* _Your instructions_
In the material below, some lines carry "roll". Copy each such line.

* _Extracted data_
[Start of Attachment]

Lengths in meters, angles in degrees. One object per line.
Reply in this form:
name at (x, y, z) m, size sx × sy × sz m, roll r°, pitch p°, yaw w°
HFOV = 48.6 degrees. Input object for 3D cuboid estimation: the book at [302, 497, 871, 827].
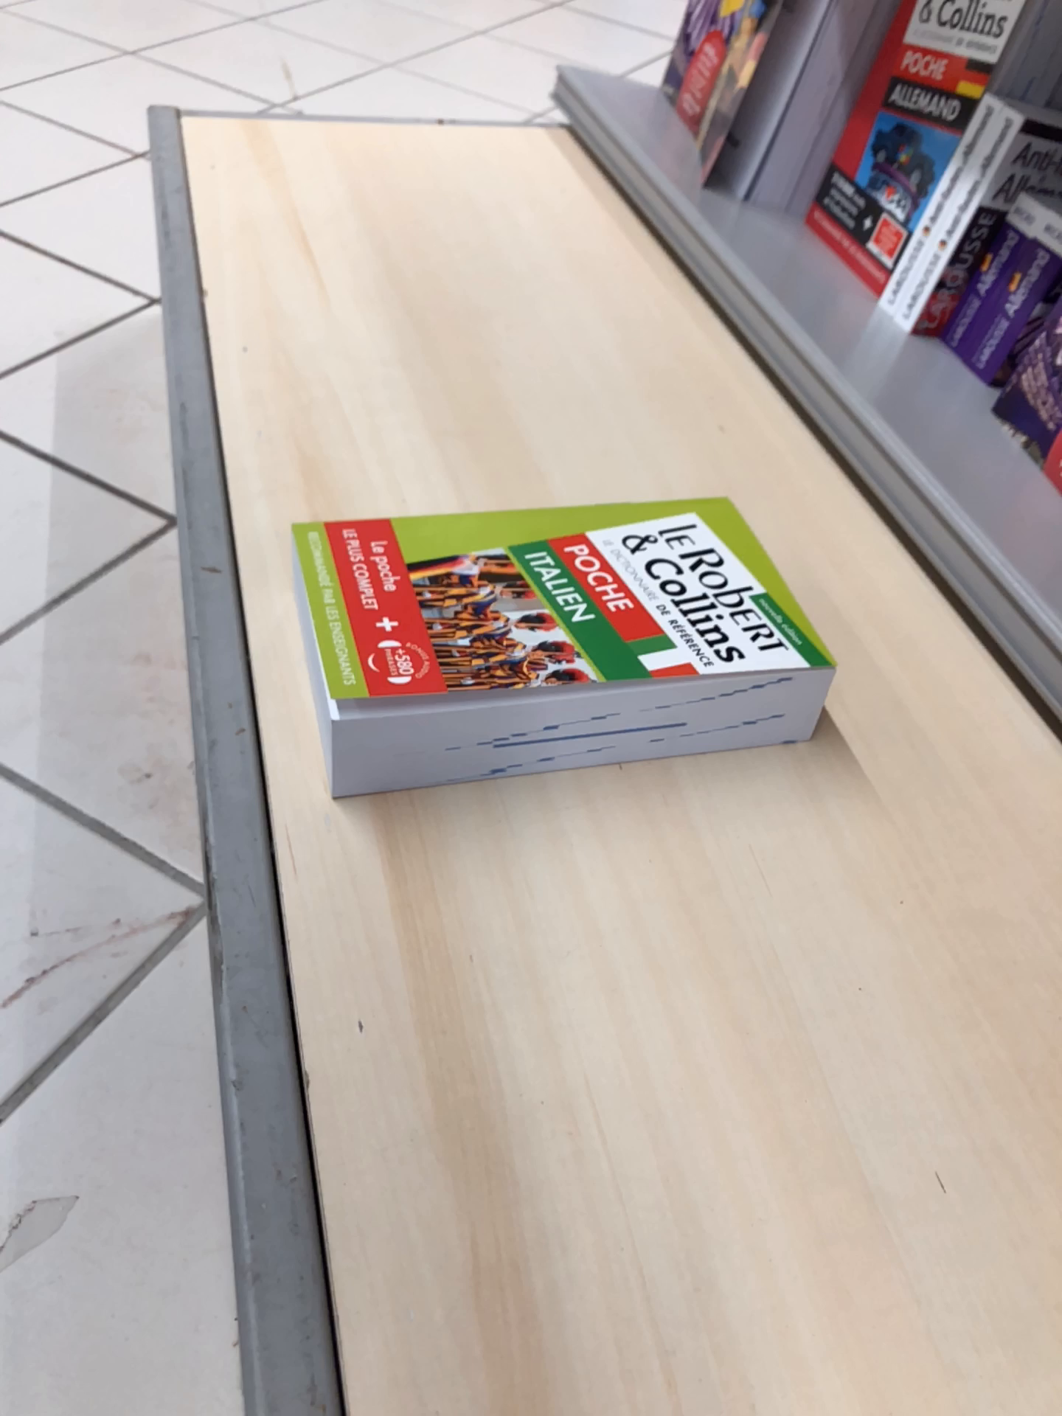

[End of Attachment]
[Start of Attachment]

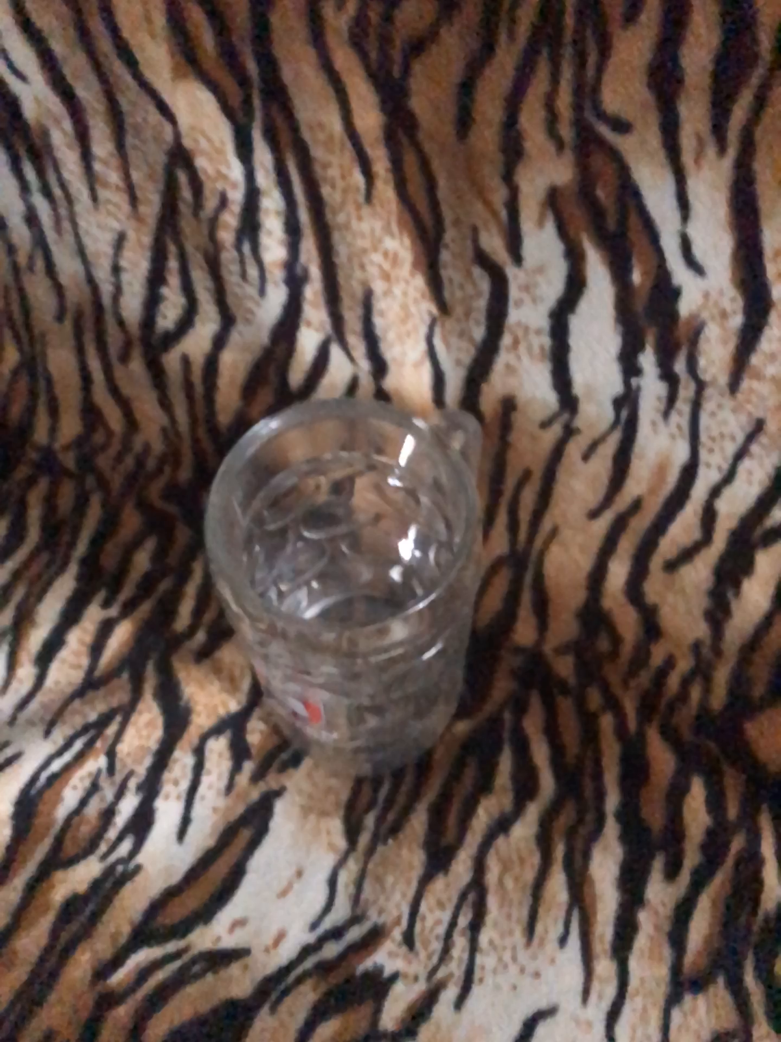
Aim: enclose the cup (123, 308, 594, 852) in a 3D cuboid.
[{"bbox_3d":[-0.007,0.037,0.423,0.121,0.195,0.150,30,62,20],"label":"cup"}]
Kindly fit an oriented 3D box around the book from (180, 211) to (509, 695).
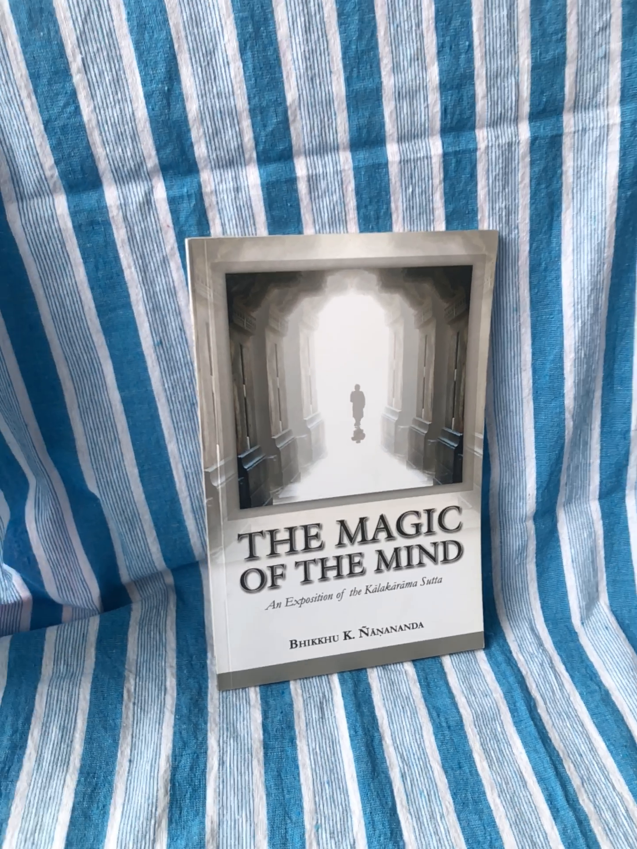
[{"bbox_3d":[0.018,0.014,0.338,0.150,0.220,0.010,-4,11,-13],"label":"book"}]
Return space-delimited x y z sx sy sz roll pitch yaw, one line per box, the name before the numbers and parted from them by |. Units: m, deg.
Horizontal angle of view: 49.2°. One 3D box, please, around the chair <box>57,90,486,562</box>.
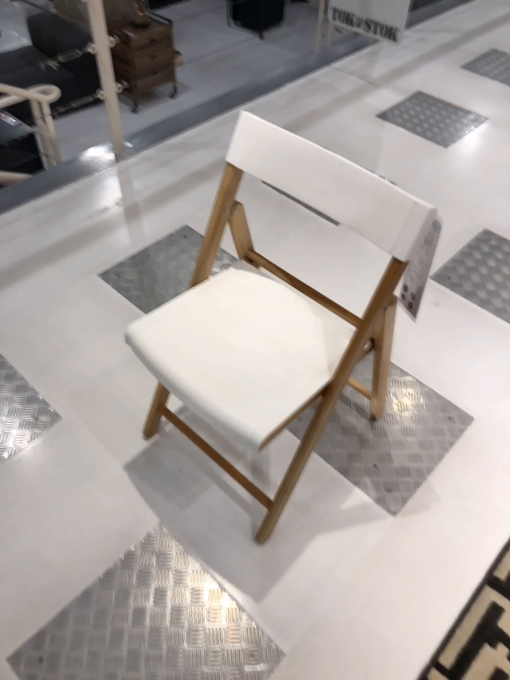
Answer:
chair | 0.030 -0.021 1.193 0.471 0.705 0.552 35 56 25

[End of Attachment]

* _Your solution_
name at (x, y, z) m, size sx × sy × sz m, roll r°, pitch p°, yaw w°
Return space-delimited x y z sx sy sz roll pitch yaw, one line per box, the name before the numbers and parted from them by |. Units: m, deg.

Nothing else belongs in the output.